Annie B. Jennings used the wealth she had inherited to benefit the town of Fairfield. Jennings spent her early years in San Francisco, where her father had gone to make his fortune during the gold rush. The family returned to Fairfield in the 1860s, and soon became extraordinarily wealthy through an investment in the Rockfellers’ Standard Oil Company. They were able to live a life of leisure, divided between elaborate townhouses on New York’s Upper East Side and estates in Fairfield.

Jennings was instrumental in establishing and supporting a number of important community institutions, including the Fairfield Historical Society (now the Fairfield Museum) and the Fairfield Public Library. She donated land for the town’s first high school, as well as for the Birdcraft Sanctuary and the American Legion. She opened up the extensive gardens at her Fairfield estate (known as Sunnieholme) to the public, and she left the land now known as Jennings Beach to the town. She was organizing the town’s 300th anniversary celebration when she died. Her philanthropy as well as her social influence in town earned her the title “First Lady of Fairfield.”

Jennings was dedicated to preserving colonial and Revolutionary-era history, and was involved in the Mount Vernon Ladies Association, as well as in the local chapter of the Daughters of the American Revolution. In addition to her contributions to the Fairfield Historical Society, she collected items related to her distant ancestor Aaron Burr.

Although she had been opposed to woman suffrage, she was accustomed to having a voice in town affairs and politics, and exerted influence within the Republican Party. She was active in efforts to repeal Prohibition during the 1930s, and served as a delegate to the convention ratifying its repeal.  
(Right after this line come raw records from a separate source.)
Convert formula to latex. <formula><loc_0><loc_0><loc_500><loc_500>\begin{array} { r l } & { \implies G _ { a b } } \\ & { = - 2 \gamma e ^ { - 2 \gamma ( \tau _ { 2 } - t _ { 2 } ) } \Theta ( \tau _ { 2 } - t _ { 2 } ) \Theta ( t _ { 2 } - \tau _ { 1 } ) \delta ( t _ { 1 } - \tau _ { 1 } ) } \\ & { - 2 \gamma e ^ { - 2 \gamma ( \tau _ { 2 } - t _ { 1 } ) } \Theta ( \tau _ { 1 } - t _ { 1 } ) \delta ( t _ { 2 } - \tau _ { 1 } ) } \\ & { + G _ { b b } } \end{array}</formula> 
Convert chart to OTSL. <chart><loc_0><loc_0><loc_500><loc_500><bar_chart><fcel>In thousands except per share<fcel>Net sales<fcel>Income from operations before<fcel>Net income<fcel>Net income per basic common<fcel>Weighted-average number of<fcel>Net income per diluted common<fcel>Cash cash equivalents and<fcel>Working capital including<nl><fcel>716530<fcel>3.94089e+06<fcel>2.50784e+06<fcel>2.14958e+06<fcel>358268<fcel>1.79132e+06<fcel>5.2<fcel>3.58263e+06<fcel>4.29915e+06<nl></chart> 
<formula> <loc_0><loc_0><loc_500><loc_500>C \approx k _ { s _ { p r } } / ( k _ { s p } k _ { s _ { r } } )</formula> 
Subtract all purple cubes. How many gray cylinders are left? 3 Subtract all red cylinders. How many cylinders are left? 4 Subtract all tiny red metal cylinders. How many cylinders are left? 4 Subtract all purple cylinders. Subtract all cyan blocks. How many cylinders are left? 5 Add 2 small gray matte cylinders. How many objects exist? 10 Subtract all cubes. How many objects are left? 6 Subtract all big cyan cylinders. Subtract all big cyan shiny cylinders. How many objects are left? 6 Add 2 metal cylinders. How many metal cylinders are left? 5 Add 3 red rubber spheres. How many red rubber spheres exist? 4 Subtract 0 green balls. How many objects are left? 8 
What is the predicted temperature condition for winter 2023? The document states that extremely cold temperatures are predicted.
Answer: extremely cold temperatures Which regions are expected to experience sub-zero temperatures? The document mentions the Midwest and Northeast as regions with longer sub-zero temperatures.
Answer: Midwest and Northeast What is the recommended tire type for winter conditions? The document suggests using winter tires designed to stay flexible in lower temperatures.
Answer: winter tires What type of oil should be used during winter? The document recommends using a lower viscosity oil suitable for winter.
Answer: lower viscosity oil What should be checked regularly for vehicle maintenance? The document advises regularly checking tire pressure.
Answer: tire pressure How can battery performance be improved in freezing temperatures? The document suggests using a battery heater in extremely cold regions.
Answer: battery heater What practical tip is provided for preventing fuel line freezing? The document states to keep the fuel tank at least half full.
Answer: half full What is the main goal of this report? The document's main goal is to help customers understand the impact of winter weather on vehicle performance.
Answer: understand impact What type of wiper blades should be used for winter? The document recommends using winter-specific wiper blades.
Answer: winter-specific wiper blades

She did not attend college herself, but had a deep loyalty to Yale University. When she organized special parties to attend Yale football games and boat races, Sunnieholme would be decorated with Yale banners and goalposts. Before departing on a private railroad car to watch the race, lunch guests were entertained by a parrot trained to say “boola boola!” and offered ice cream shaped in a bulldog mold.